Нас тревожат и манят ваши прошлые подвиги. Мы хотим сами рассказать внукам небылицы у ночных костров.

Смейтесь, лукавые боги! Пусть тот, кто имеет мало, удовольствуется малым! У нас всего много, и мы желаем еще большего! Мы будем смеяться последними. Ведите нас, старики, мы вырвем вашу молодость из когтей смерти.

Агой!

Старики не спеша подняли победные чаши из вражьих черепов, обтянутых вызолоченной кожей.

О вино! Благословенный дар неверных богов! Единственная радость нового узнавания привычных истин.

Темную влагу ночи пьет Земля из золотой чаши Неба. Медленно, наслаждаясь, тянет Апи-богиня хмельную душистую прохладу, пока не блеснет ослепительно золотое дно чаши. Тогда раскинется богиня, изнемогая от жажды под палящим взглядом Солнцеликого. И будет рождать новое, и растить уже рожденное, и провожать отжившее. И так бесконечно…

Черная в свете костров, струя упала и розово запенилась над краем чаши, падая тяжелыми каплями на руки пирующих. Виночерпий, стоя в кругу, вознес влажный мех на уровень плеч, загородив лицо, и теперь даже те, кто знал его, видели в нем только бога вина, напряженного, с широко расставленными кривыми ногами, обтянутыми пегой козьей шкурой, руками, обнимающими небо в кольце взглядов сидевших вокруг костра людей.

Сам бог вина с козьим мехом вместо головы вошел в освещенный круг, и люди притихли и посерьезнели в соседстве с богом.

Твердая струя, падающая из-под звезд, колыхнулась всей своей кривизной, отклоняя край чаши. Красная влага вина выплеснулась в лицо сидящему, окрасив его будто кровью.

Люди смотрели, как эта хмельная кровь скатывается алыми струйками по надбровьям, мимо затененных глазниц, горбинки носа к подбородку.

Это был еще один знак военной удачи среди многих предзнаменований, уже посланных богами.

Здесь, на великом совете племен, Мадай, сын Мадая, за умение одинаково обеими руками владеть мечом прозванный Трехруким, был отмечен золотой секирой и признан вождем великого похода, первым среди равных.

Ему, Трехрукому, теперь царю над всеми скифами, выпало принести кровавые жертвы Мечу и возжечь костер войны на вершине Большого Кургана.

В ту ночь Трехрукий взял в жены Агнию Рыжую, свободную скифянку.

Опьяненный вином и запахом жертвенной крови, он не ласкал — насиловал молодую жену, как строптивую рабыню.
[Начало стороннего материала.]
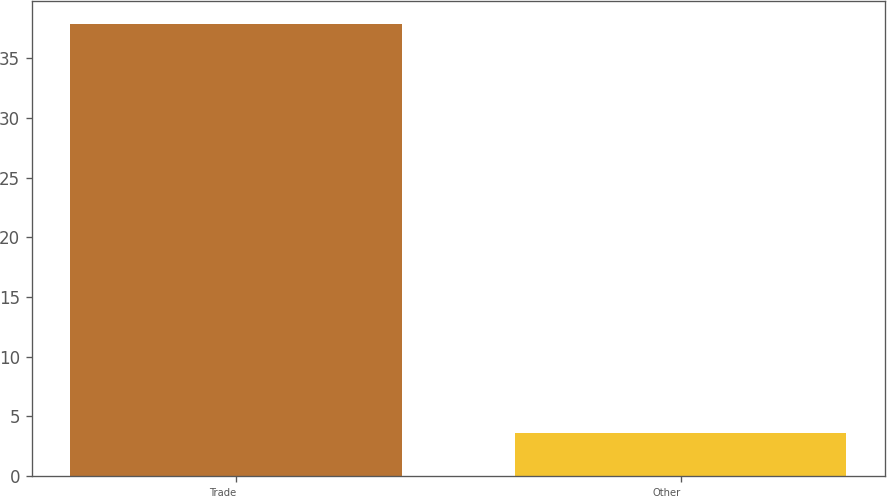<chart> <loc_0><loc_0><loc_500><loc_500><bar_chart><fcel>Trade<fcel>Other<nl><fcel>37.9<fcel>3.6<nl></chart> 
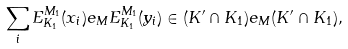Convert formula to latex. <formula><loc_0><loc_0><loc_500><loc_500>\sum _ { i } E ^ { M _ { 1 } } _ { K _ { 1 } } ( x _ { i } ) e _ { M } E ^ { M _ { 1 } } _ { K _ { 1 } } ( y _ { i } ) \in ( K ^ { \prime } \cap K _ { 1 } ) e _ { M } ( K ^ { \prime } \cap K _ { 1 } ) ,</formula> 
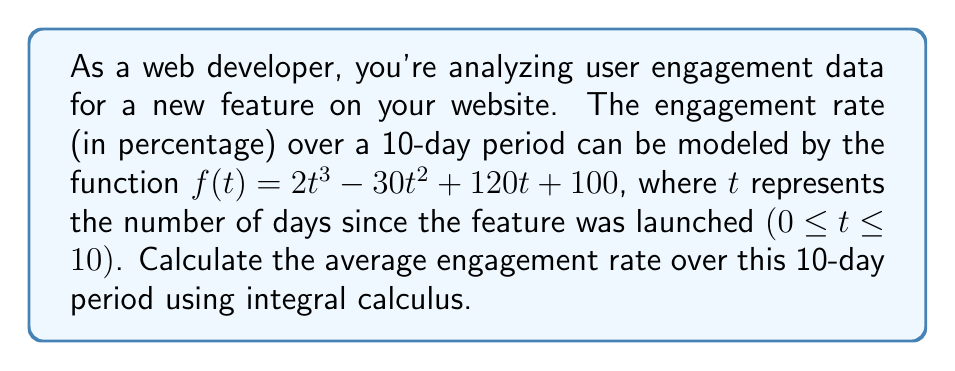Give your solution to this math problem. To solve this problem, we need to follow these steps:

1) The average value of a function $f(t)$ over an interval $[a, b]$ is given by:

   $$\text{Average} = \frac{1}{b-a} \int_a^b f(t) dt$$

2) In our case, $a=0$, $b=10$, and $f(t) = 2t^3 - 30t^2 + 120t + 100$. So we need to calculate:

   $$\text{Average} = \frac{1}{10} \int_0^{10} (2t^3 - 30t^2 + 120t + 100) dt$$

3) Let's integrate the function:

   $$\int (2t^3 - 30t^2 + 120t + 100) dt = \frac{1}{2}t^4 - 10t^3 + 60t^2 + 100t + C$$

4) Now, we need to evaluate this from 0 to 10:

   $$\left[\frac{1}{2}t^4 - 10t^3 + 60t^2 + 100t\right]_0^{10}$$

5) Plugging in the values:

   $$(\frac{1}{2}(10^4) - 10(10^3) + 60(10^2) + 100(10)) - (0)$$
   
   $$= 5000 - 10000 + 6000 + 1000 = 2000$$

6) Finally, we divide by the interval length (10) to get the average:

   $$\text{Average} = \frac{2000}{10} = 200$$
Answer: The average engagement rate over the 10-day period is 200%. 
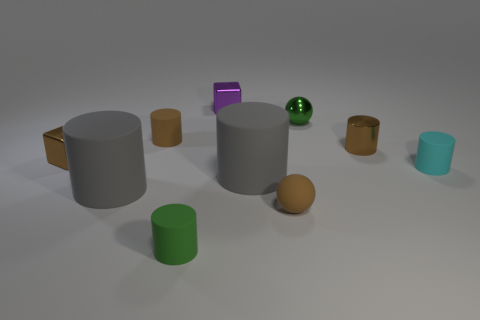Subtract all small brown rubber cylinders. How many cylinders are left? 5 Subtract all gray cylinders. How many cylinders are left? 4 Subtract all yellow cylinders. Subtract all blue blocks. How many cylinders are left? 6 Subtract all spheres. How many objects are left? 8 Subtract all tiny purple metallic things. Subtract all cyan matte cylinders. How many objects are left? 8 Add 8 gray rubber objects. How many gray rubber objects are left? 10 Add 1 purple matte spheres. How many purple matte spheres exist? 1 Subtract 0 purple cylinders. How many objects are left? 10 
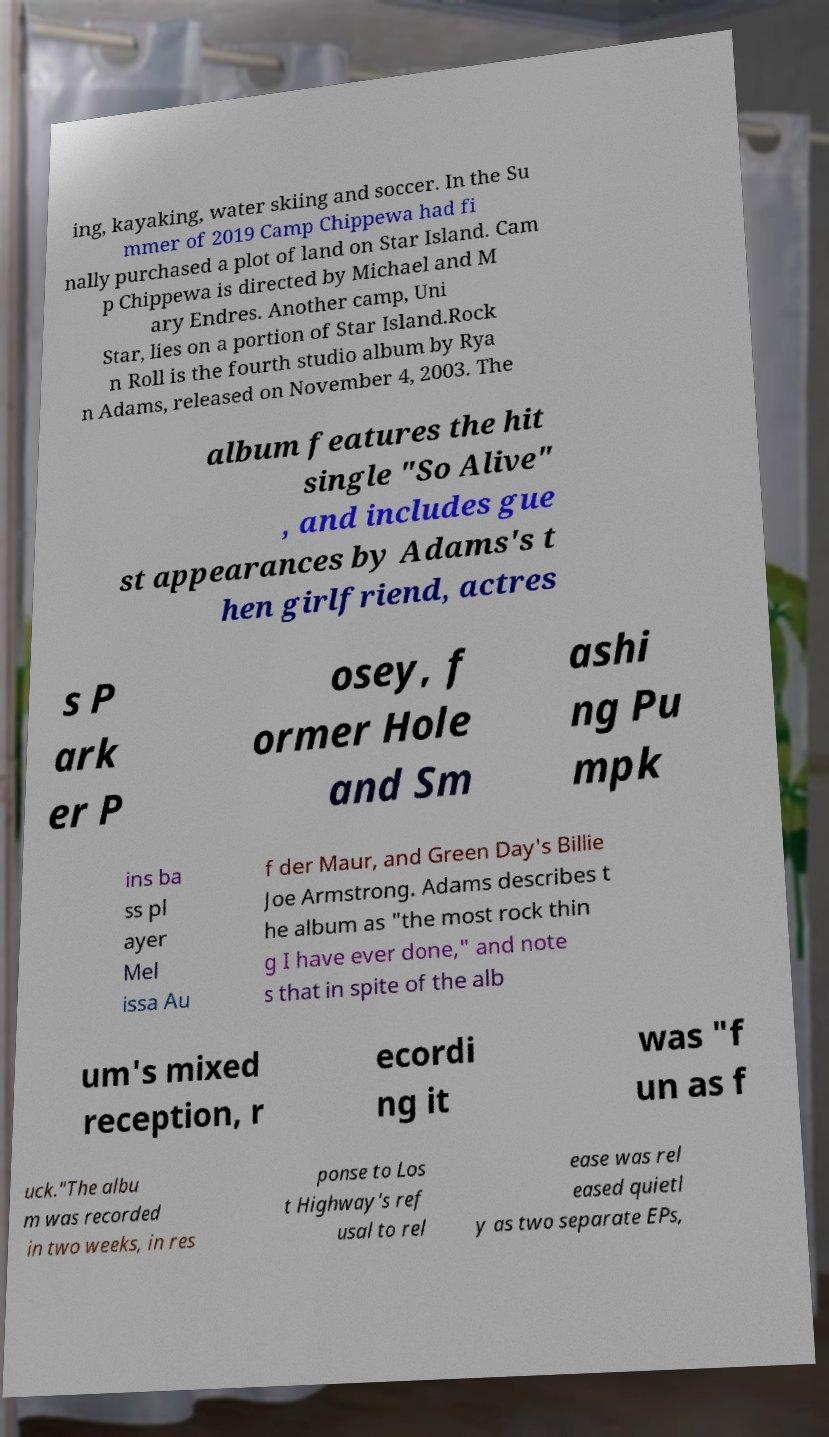For documentation purposes, I need the text within this image transcribed. Could you provide that? ing, kayaking, water skiing and soccer. In the Su mmer of 2019 Camp Chippewa had fi nally purchased a plot of land on Star Island. Cam p Chippewa is directed by Michael and M ary Endres. Another camp, Uni Star, lies on a portion of Star Island.Rock n Roll is the fourth studio album by Rya n Adams, released on November 4, 2003. The album features the hit single "So Alive" , and includes gue st appearances by Adams's t hen girlfriend, actres s P ark er P osey, f ormer Hole and Sm ashi ng Pu mpk ins ba ss pl ayer Mel issa Au f der Maur, and Green Day's Billie Joe Armstrong. Adams describes t he album as "the most rock thin g I have ever done," and note s that in spite of the alb um's mixed reception, r ecordi ng it was "f un as f uck."The albu m was recorded in two weeks, in res ponse to Los t Highway's ref usal to rel ease was rel eased quietl y as two separate EPs, 
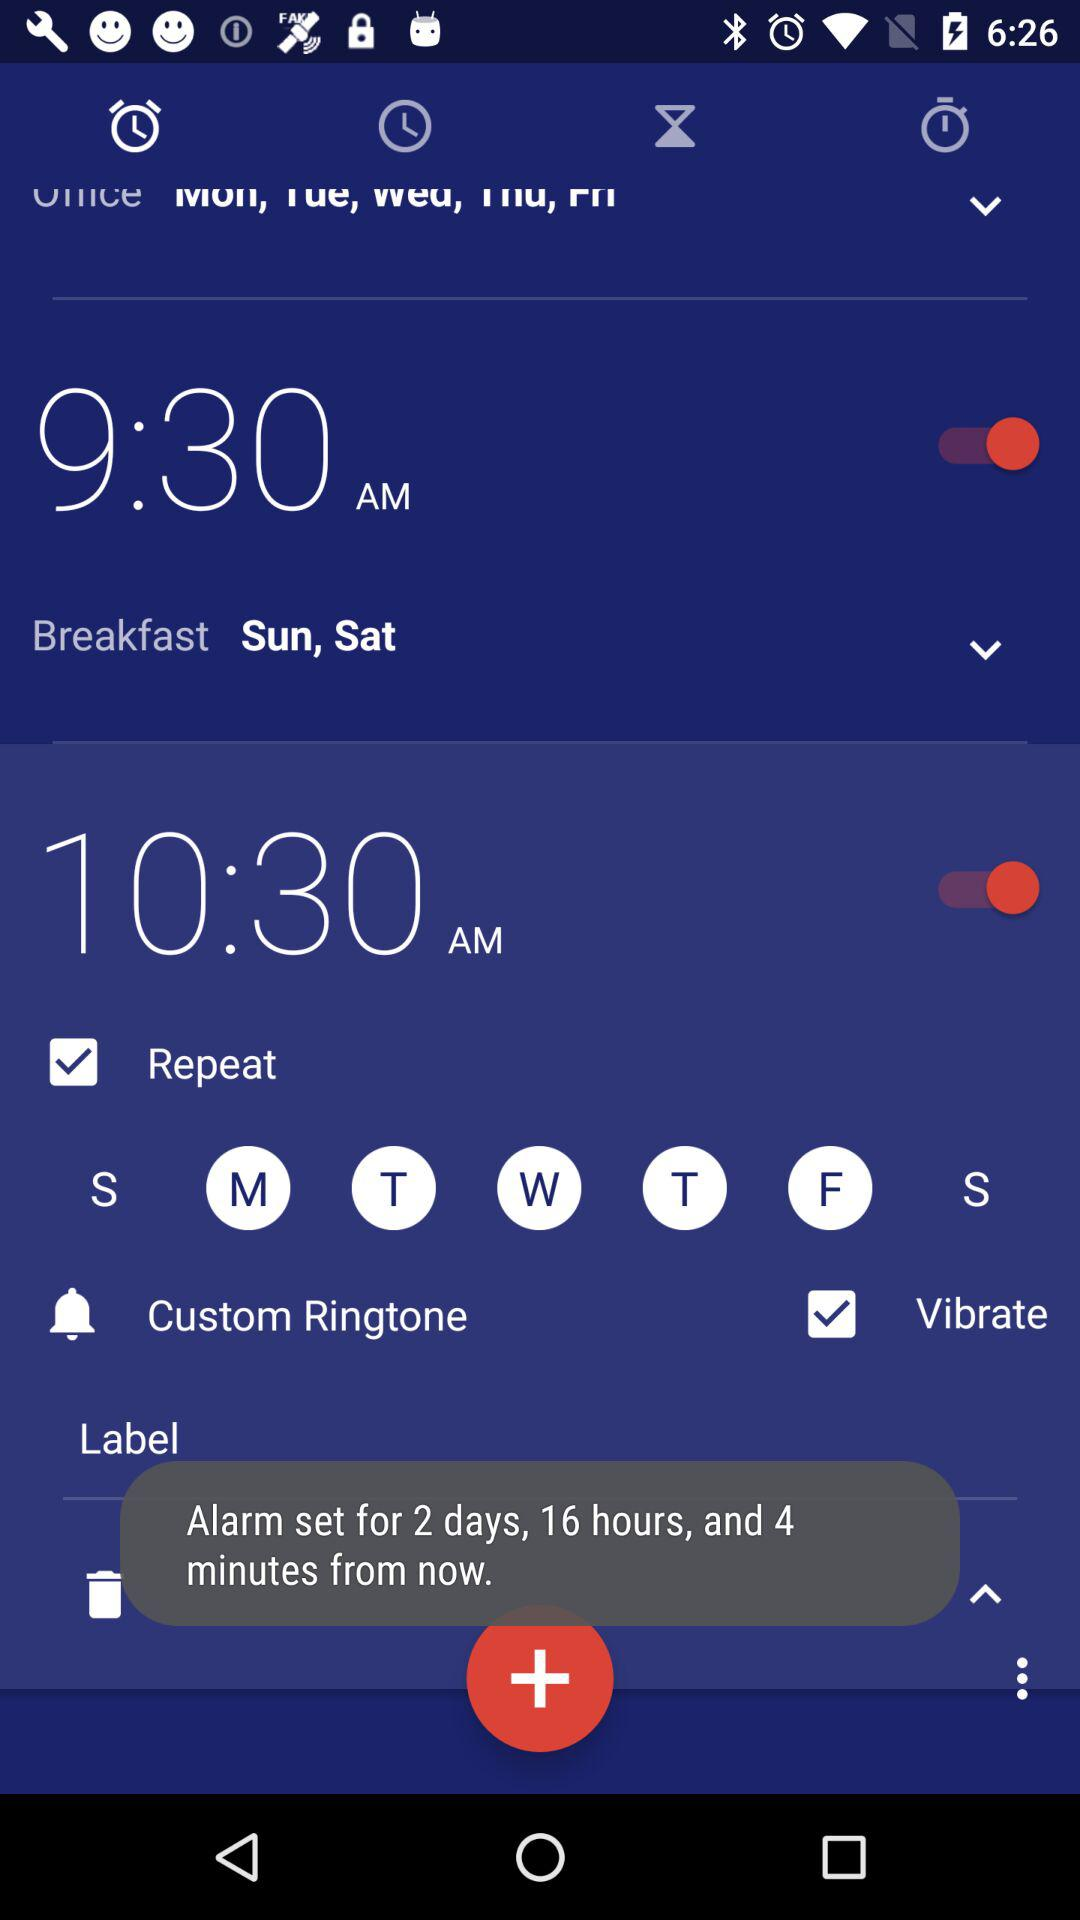For how many days from now is the alarm set? Alram is set for 2 days, 16 hours and 4 minutes.

А утром Трехрукий повел за родной Борисфен скифские тьмы.

И пошли с ним расторопные фиссаги[5] и веселые будины, хитроумные тавры и скупые на слова иирки, и массагеты, не знающие жалости. И мы пошли, сколоты.

И долго еще стонала и вздрагивала изрытая копытами коней земля, и пыльное облако, поднятое войском, три дня и три ночи висело между небом и землей, заслоняя солнце и звезды.

В становище остались лишь женщины, дети, немощные старики и верные рабы.

И Агния Рыжая — над ними царица.


«Что сильнее огня? — поют наши девушки. — Вода. Что сильнее воды? Ветер. Что сильнее ветра? Гора. Что сильнее горы? Человек. Что сильнее человека? Вино. Что сильнее вина? Сон. Что сильнее сна? Смерть. Что сильнее смерти? Любовь».

Открытая для любви душа Агнии была раздавлена единственной ночью с Трехруким, Испуг, боль, брезгливое разочарование вытеснили робкое ожидание послушного счастья, живущее в сердце каждой, даже самой гордой женщины.

К теперешним чувствам ее примешивалось и чувство вины, что, может быть, она, неумелая, сама вызвала грубость Мадая. Тайно, с жадным вниманием прислушивалась Агния к бесстыдной болтовне замужних женщин, ища новые пути в непонятный мир человеческой любви, который так жестоко ее встретил. И не находила.

Много слез пролила Агния, прощаясь с чем-то, а с чем — она и сама не знала. Нет, она не возненавидела царя, тогда оставалась бы надежда полюбить его. Она просто постепенно свыклась с ним, теперь таким далеким, как свыкаются в молодости с мыслью о неизбежной смерти.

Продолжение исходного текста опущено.